Rather than the one they’re going to get.


  • LinguaBrand

    Matt, this analysis is almost entirely wrong. Your EU 2014 predictions are WAY out of line with the results. Your twitter analysis got the Greens wrong by 36%, Tories by 30%, LibDems by 8%, Labour by 7% and UKIP by 1%. That’s an average 17% out; which is huge. Only your UKIP prediction came within the pollsters range of +/- 3%. Twitter got the Scotland No result wrong by 112%.

    You’re confusing percentage points with percentages.

    Maybe Twitter will do better with this election. Let’s see. Be good if it does. But it’s tendentious to claim accuracy given the examples you quote predict 1 of 6 results.

    Your take on voting systems neglects to mention the Lib-Dem coalition electoral reform deal. We were given the choice for change. The vote was firmly against. So that’s a dead duck of debate right now don’t you think?

  • Matt Pearson

    Hi LB,

    I think you’re challenging my labelling, not my analysis (I hope). The Y axis on that graph is percentage share of the vote, so if I were to mark the differences as percentages of a percentage it would only be confusing.

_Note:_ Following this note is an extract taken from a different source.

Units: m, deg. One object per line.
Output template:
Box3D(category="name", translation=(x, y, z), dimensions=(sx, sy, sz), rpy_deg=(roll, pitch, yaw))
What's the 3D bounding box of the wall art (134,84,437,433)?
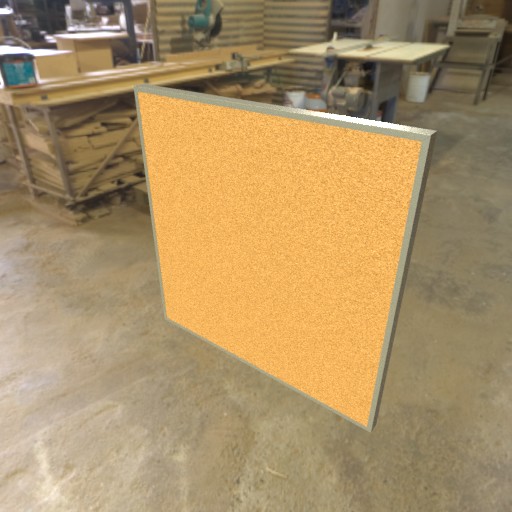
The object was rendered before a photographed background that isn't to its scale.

    So, yes, the differences are percentage points, rather than percentages. I don’t claim otherwise.

    M

  • LinguaBrand

    Our previous post couldn’t be clearer. Possibly wrong but clear. Your take on the figures is confusing in suggesting twitter has been accurate in predicting election results. Our take on your figures is that it hasn’t. Readers can read both and come to their own conclusions.

  • GiselleBodie

    Hi Matt. Isn’t true to say – and I know this will be difficult for Brandwatch – that your data analysis on both recent UK elections and last year, the Scottish Referendum was wildly incorrect? Your analysis of social media data was even “more wrong” than the traditional polls in both cases. Brandwatch can only analyse what people who are actively involved with social media are saying, not the wider public. And the “wider public” are still not using social media to express their views in sufficient numbers to make any analysis of this kind viable or useful.

  • Matt Pearson

    Hi Giselle. Yes, it’s true to say. And this election was a bombshell for pollsters. But I’d argue the “wider public” are not represented by the subset of traditional poll respondents any more than they are by the subset of social media.

    Our style of data analysis is still very young compared to traditional polling, but I’m more optimistic for its future because 1) social data gives us a MUCH larger sample, 2) year on year the demographic is broadening, and 3) the inherent biases are (theoretically) predictable and measurable.

    This third part is the challenge. It’s a matter of preempting and adjusting for these biases, which is much easier said than done. And it’s a problem traditional polling still hasn’t solved, even with a number of decades head-start.